Directions for this task:
Give again, word for word, the line holding "560, 678, 651)" and every line after it through the end of the data below. Omit pictures.

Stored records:
== Segment start ==
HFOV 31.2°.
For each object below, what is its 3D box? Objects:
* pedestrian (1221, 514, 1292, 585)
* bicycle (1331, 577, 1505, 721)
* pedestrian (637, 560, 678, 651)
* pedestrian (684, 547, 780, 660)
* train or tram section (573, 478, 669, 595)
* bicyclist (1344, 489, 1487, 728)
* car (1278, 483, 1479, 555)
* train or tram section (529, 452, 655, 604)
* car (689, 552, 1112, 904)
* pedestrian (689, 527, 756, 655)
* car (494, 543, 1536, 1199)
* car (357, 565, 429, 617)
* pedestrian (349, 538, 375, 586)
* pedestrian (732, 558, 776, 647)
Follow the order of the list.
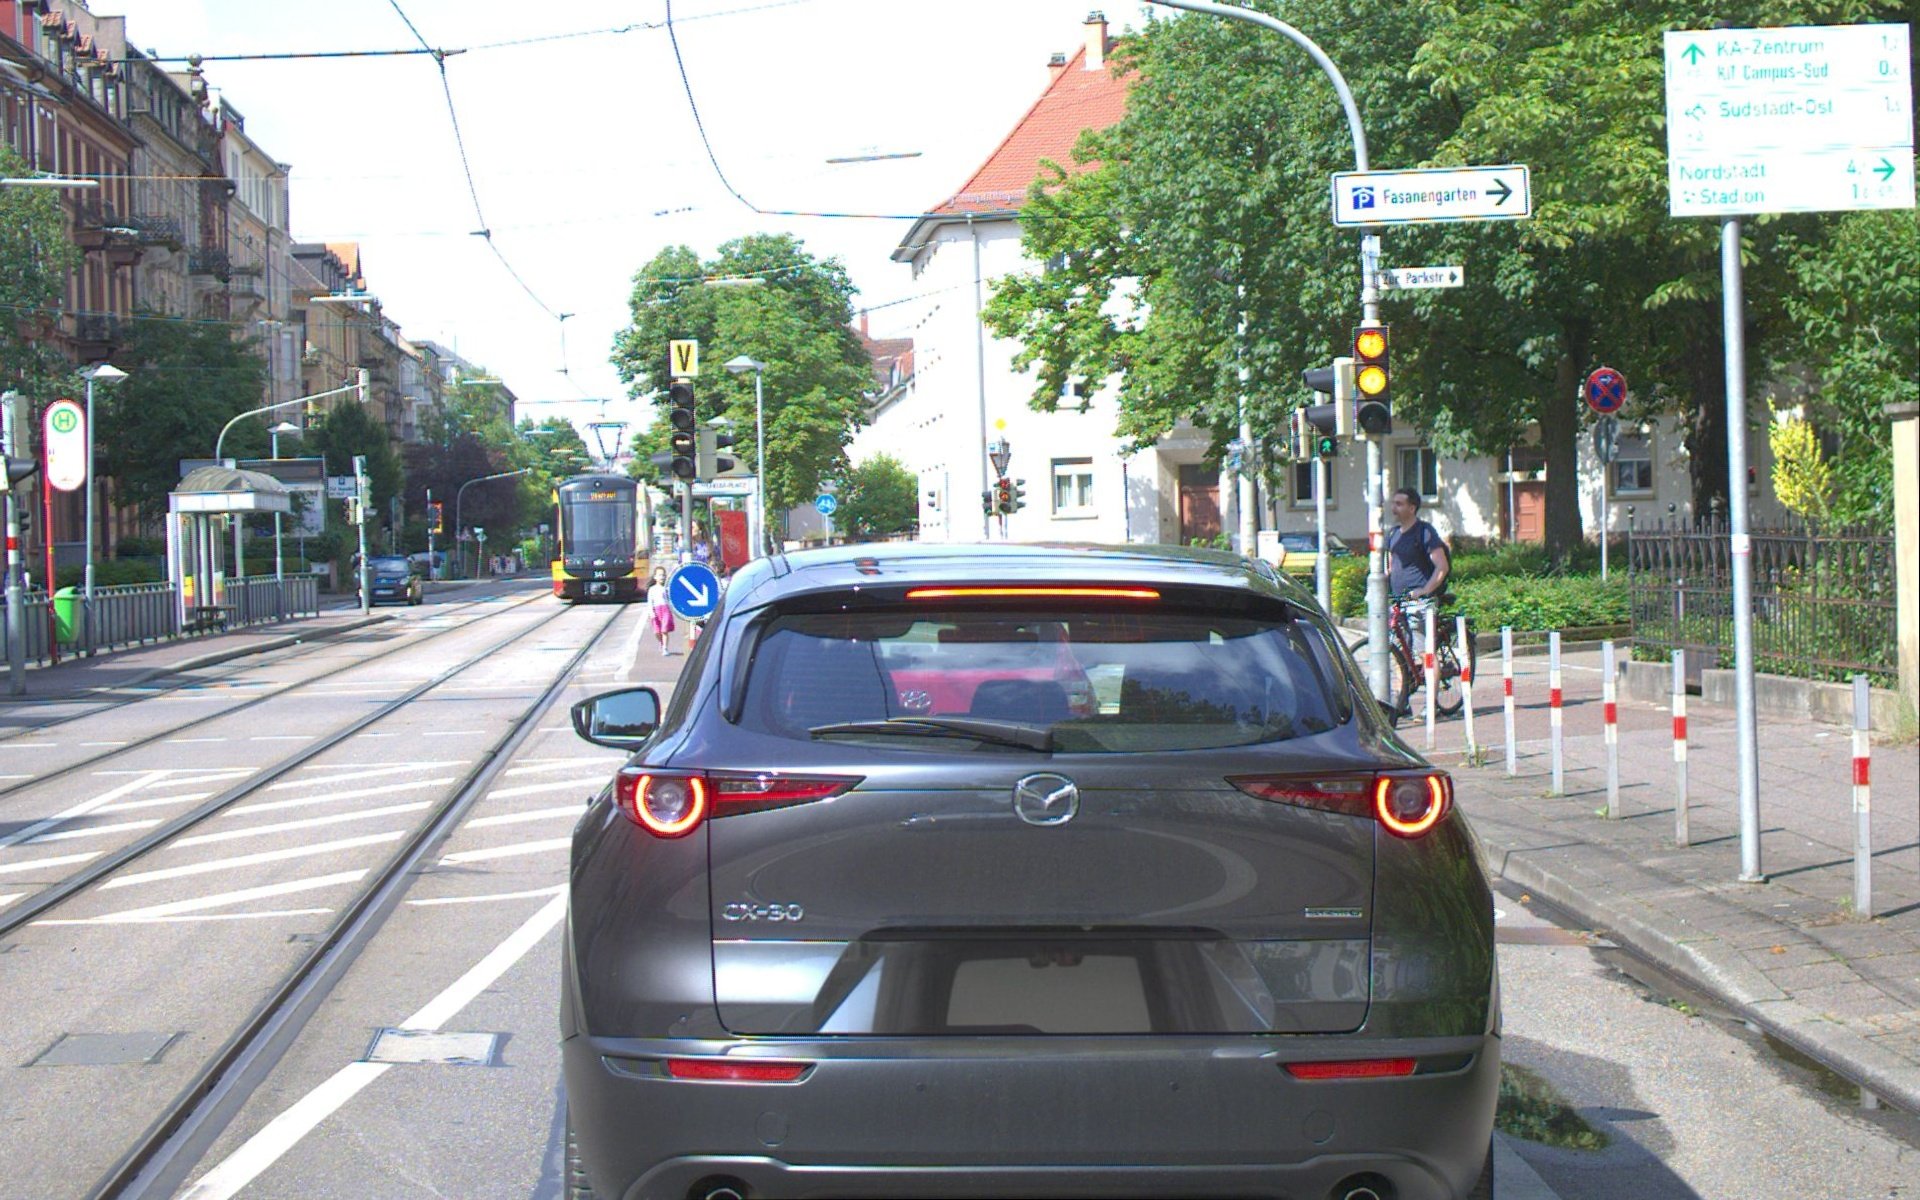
== Segment end ==
Result below:
* pedestrian (637, 560, 678, 651)
* pedestrian (684, 547, 780, 660)
* train or tram section (573, 478, 669, 595)
* bicyclist (1344, 489, 1487, 728)
* car (1278, 483, 1479, 555)
* train or tram section (529, 452, 655, 604)
* car (689, 552, 1112, 904)
* pedestrian (689, 527, 756, 655)
* car (494, 543, 1536, 1199)
* car (357, 565, 429, 617)
* pedestrian (349, 538, 375, 586)
* pedestrian (732, 558, 776, 647)
Follow the order of the list.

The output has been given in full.